* Instructions to follow *
Would you return the listing exactly as written, apart from its pictures?

* Extracted information *
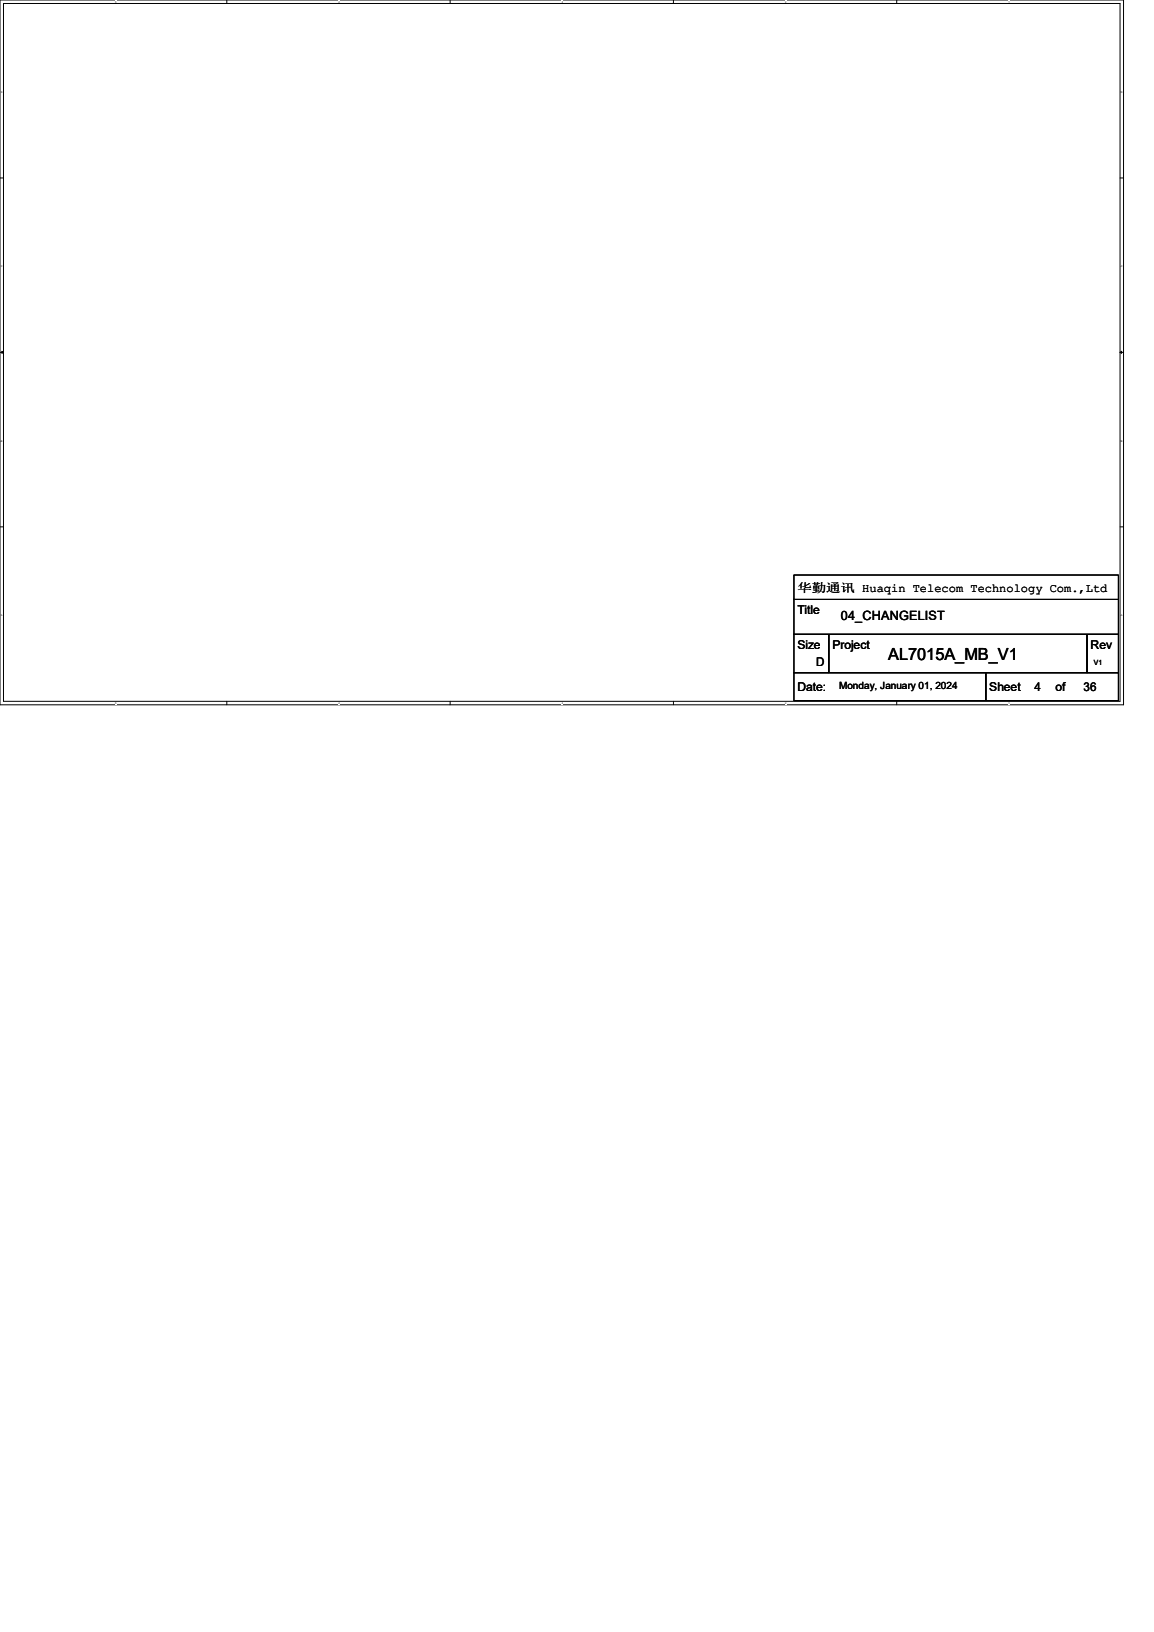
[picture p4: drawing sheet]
<svg xmlns="http://www.w3.org/2000/svg" width="210mm" height="297mm" viewBox="0 0 210 297" stroke-linecap="round" stroke-linejoin="round" font-family="sans-serif">
<defs><g id="words">
<text font-size="3" x="161.6" y="120.1">AL7015A_MB_V1</text>
<text font-size="2.3" x="153" y="112.9">04_CHANGELIST</text>
<g font-size="2.2">
<text x="145.1" y="107.7">华勤通讯 Huaqin Telecom Technology Com.,Ltd</text>
<text x="145.1" y="111.8">Title</text>
<text x="145.1" y="118.1">Size</text>
<text x="151.5" y="118.1">Project</text>
<text x="198.4" y="118.1">Rev</text>
<text x="145.1" y="125.7">Date:</text>
<text x="148.5" y="121.3">D</text>
<text x="180" y="125.7">Sheet</text>
<text x="188.3" y="125.7">4</text>
<text x="192.1" y="125.7">of</text>
<text x="197.2" y="125.7">36</text>
</g>
<text font-size="1.8" x="152.7" y="125.3">Monday, January 01, 2024</text>
<text font-size="1.3" x="199.1" y="121.1">V1</text>
<g font-size=".5">
<text x="21" y=".5">5</text>
<text x="61.6" y=".5">4</text>
<text x="102.2" y=".5">3</text>
<text x="142.9" y=".5">2</text>
<text x="183.5" y=".5">1</text>
<text x=".2" y="16.9">D</text>
<text x="204" y="16.9">D</text>
<text x=".2" y="48.6">C</text>
<text x="204" y="48.6">C</text>
<text x=".2" y="80.4">B</text>
<text x="204" y="80.4">B</text>
<text x=".2" y="112.1">A</text>
<text x="204" y="112.1">A</text>
<text x="21" y="128.1">5</text>
<text x="61.6" y="128.1">4</text>
<text x="102.2" y="128.1">3</text>
<text x="142.9" y="128.1">2</text>
<text x="183.5" y="128.1">1</text>
</g>
</g></defs>
<path d="M0 0h204.5v128.3h-204.5zM.6 .6h203.2v127h-203.2z" fill="none" stroke="#000" stroke-width=".18"/>
<g fill="#fff">
<path d="M21 .1h.2v.5h-.2z"/>
<path d="M21 127.7h.2v.5h-.2z"/>
</g>
<path d="M41.3 0v.6M41.3 127.6v.7" fill="none" stroke="#000" stroke-width=".18"/>
<g fill="#fff">
<path d="M61.6 .1h.2v.5h-.2z"/>
<path d="M61.6 127.7h.2v.5h-.2z"/>
</g>
<path d="M81.9 0v.6M81.9 127.6v.7" fill="none" stroke="#000" stroke-width=".18"/>
<g fill="#fff">
<path d="M102.2 .1h.2v.5h-.2z"/>
<path d="M102.2 127.7h.2v.5h-.2z"/>
</g>
<path d="M122.6 0v.6M122.6 127.6v.7" fill="none" stroke="#000" stroke-width=".18"/>
<g fill="#fff">
<path d="M142.9 .1h.2v.5h-.2z"/>
<path d="M142.9 127.7h.2v.5h-.2z"/>
</g>
<path d="M163.2 0v.6M163.2 127.6v.7" fill="none" stroke="#000" stroke-width=".18"/>
<g fill="#fff">
<path d="M183.5 .1h.2v.5h-.2z"/>
<path d="M183.5 127.7h.2v.5h-.2z"/>
<path d="M.2 16.5h.3v.5h-.3z"/>
<path d="M204 16.5h.3v.5h-.3z"/>
<path d="M.2 48.3h.3v.5h-.3z"/>
<path d="M204 48.3h.3v.5h-.3z"/>
</g>
<path d="M0 32.4h.6M203.8 32.4h.7" fill="none" stroke="#000" stroke-width=".18"/>
<g fill="#fff">
<path d="M.2 80h.2v.5h-.2z"/>
<path d="M204 80h.3v.5h-.3z"/>
</g>
<path d="M0 64.1h.6M203.8 64.1h.7" fill="none" stroke="#000" stroke-width=".18"/>
<path d="M.3 63.9l.3 .2-.3 .2zM203.8 64.1l.3-.2v.4z" fill="#000" stroke="#000" stroke-width=".18"/>
<g fill="#fff">
<path d="M.2 111.8h.3v.5h-.3z"/>
<path d="M204 111.8h.3v.5h-.3z"/>
</g>
<path d="M0 95.9h.6M203.8 95.9h.7M144.5 109.1h59v6.3h-59zM144.5 104.6h59v4.5h-59zM144.5 115.4h6.3v7h-6.3zM150.8 115.4h47v7h-47zM197.8 115.4h5.7v7h-5.7zM144.5 122.4h34.9v5.1h-34.9zM179.4 122.4h24.1v5.1h-24.1z" fill="none" stroke="#000" stroke-width=".18"/>
<use href="#words"/>
</svg>

* Exercise answer *
[picture p4: drawing sheet]
<svg xmlns="http://www.w3.org/2000/svg" width="210mm" height="297mm" viewBox="0 0 210 297" stroke-linecap="round" stroke-linejoin="round" font-family="sans-serif">
<defs><g id="words">
<text font-size="3" x="161.6" y="120.1">AL7015A_MB_V1</text>
<text font-size="2.3" x="153" y="112.9">04_CHANGELIST</text>
<g font-size="2.2">
<text x="145.1" y="107.7">华勤通讯 Huaqin Telecom Technology Com.,Ltd</text>
<text x="145.1" y="111.8">Title</text>
<text x="145.1" y="118.1">Size</text>
<text x="151.5" y="118.1">Project</text>
<text x="198.4" y="118.1">Rev</text>
<text x="145.1" y="125.7">Date:</text>
<text x="148.5" y="121.3">D</text>
<text x="180" y="125.7">Sheet</text>
<text x="188.3" y="125.7">4</text>
<text x="192.1" y="125.7">of</text>
<text x="197.2" y="125.7">36</text>
</g>
<text font-size="1.8" x="152.7" y="125.3">Monday, January 01, 2024</text>
<text font-size="1.3" x="199.1" y="121.1">V1</text>
<g font-size=".5">
<text x="21" y=".5">5</text>
<text x="61.6" y=".5">4</text>
<text x="102.2" y=".5">3</text>
<text x="142.9" y=".5">2</text>
<text x="183.5" y=".5">1</text>
<text x=".2" y="16.9">D</text>
<text x="204" y="16.9">D</text>
<text x=".2" y="48.6">C</text>
<text x="204" y="48.6">C</text>
<text x=".2" y="80.4">B</text>
<text x="204" y="80.4">B</text>
<text x=".2" y="112.1">A</text>
<text x="204" y="112.1">A</text>
<text x="21" y="128.1">5</text>
<text x="61.6" y="128.1">4</text>
<text x="102.2" y="128.1">3</text>
<text x="142.9" y="128.1">2</text>
<text x="183.5" y="128.1">1</text>
</g>
</g></defs>
<path d="M0 0h204.5v128.3h-204.5zM.6 .6h203.2v127h-203.2z" fill="none" stroke="#000" stroke-width=".18"/>
<g fill="#fff">
<path d="M21 .1h.2v.5h-.2z"/>
<path d="M21 127.7h.2v.5h-.2z"/>
</g>
<path d="M41.3 0v.6M41.3 127.6v.7" fill="none" stroke="#000" stroke-width=".18"/>
<g fill="#fff">
<path d="M61.6 .1h.2v.5h-.2z"/>
<path d="M61.6 127.7h.2v.5h-.2z"/>
</g>
<path d="M81.9 0v.6M81.9 127.6v.7" fill="none" stroke="#000" stroke-width=".18"/>
<g fill="#fff">
<path d="M102.2 .1h.2v.5h-.2z"/>
<path d="M102.2 127.7h.2v.5h-.2z"/>
</g>
<path d="M122.6 0v.6M122.6 127.6v.7" fill="none" stroke="#000" stroke-width=".18"/>
<g fill="#fff">
<path d="M142.9 .1h.2v.5h-.2z"/>
<path d="M142.9 127.7h.2v.5h-.2z"/>
</g>
<path d="M163.2 0v.6M163.2 127.6v.7" fill="none" stroke="#000" stroke-width=".18"/>
<g fill="#fff">
<path d="M183.5 .1h.2v.5h-.2z"/>
<path d="M183.5 127.7h.2v.5h-.2z"/>
<path d="M.2 16.5h.3v.5h-.3z"/>
<path d="M204 16.5h.3v.5h-.3z"/>
<path d="M.2 48.3h.3v.5h-.3z"/>
<path d="M204 48.3h.3v.5h-.3z"/>
</g>
<path d="M0 32.4h.6M203.8 32.4h.7" fill="none" stroke="#000" stroke-width=".18"/>
<g fill="#fff">
<path d="M.2 80h.2v.5h-.2z"/>
<path d="M204 80h.3v.5h-.3z"/>
</g>
<path d="M0 64.1h.6M203.8 64.1h.7" fill="none" stroke="#000" stroke-width=".18"/>
<path d="M.3 63.9l.3 .2-.3 .2zM203.8 64.1l.3-.2v.4z" fill="#000" stroke="#000" stroke-width=".18"/>
<g fill="#fff">
<path d="M.2 111.8h.3v.5h-.3z"/>
<path d="M204 111.8h.3v.5h-.3z"/>
</g>
<path d="M0 95.9h.6M203.8 95.9h.7M144.5 109.1h59v6.3h-59zM144.5 104.6h59v4.5h-59zM144.5 115.4h6.3v7h-6.3zM150.8 115.4h47v7h-47zM197.8 115.4h5.7v7h-5.7zM144.5 122.4h34.9v5.1h-34.9zM179.4 122.4h24.1v5.1h-24.1z" fill="none" stroke="#000" stroke-width=".18"/>
<use href="#words"/>
</svg>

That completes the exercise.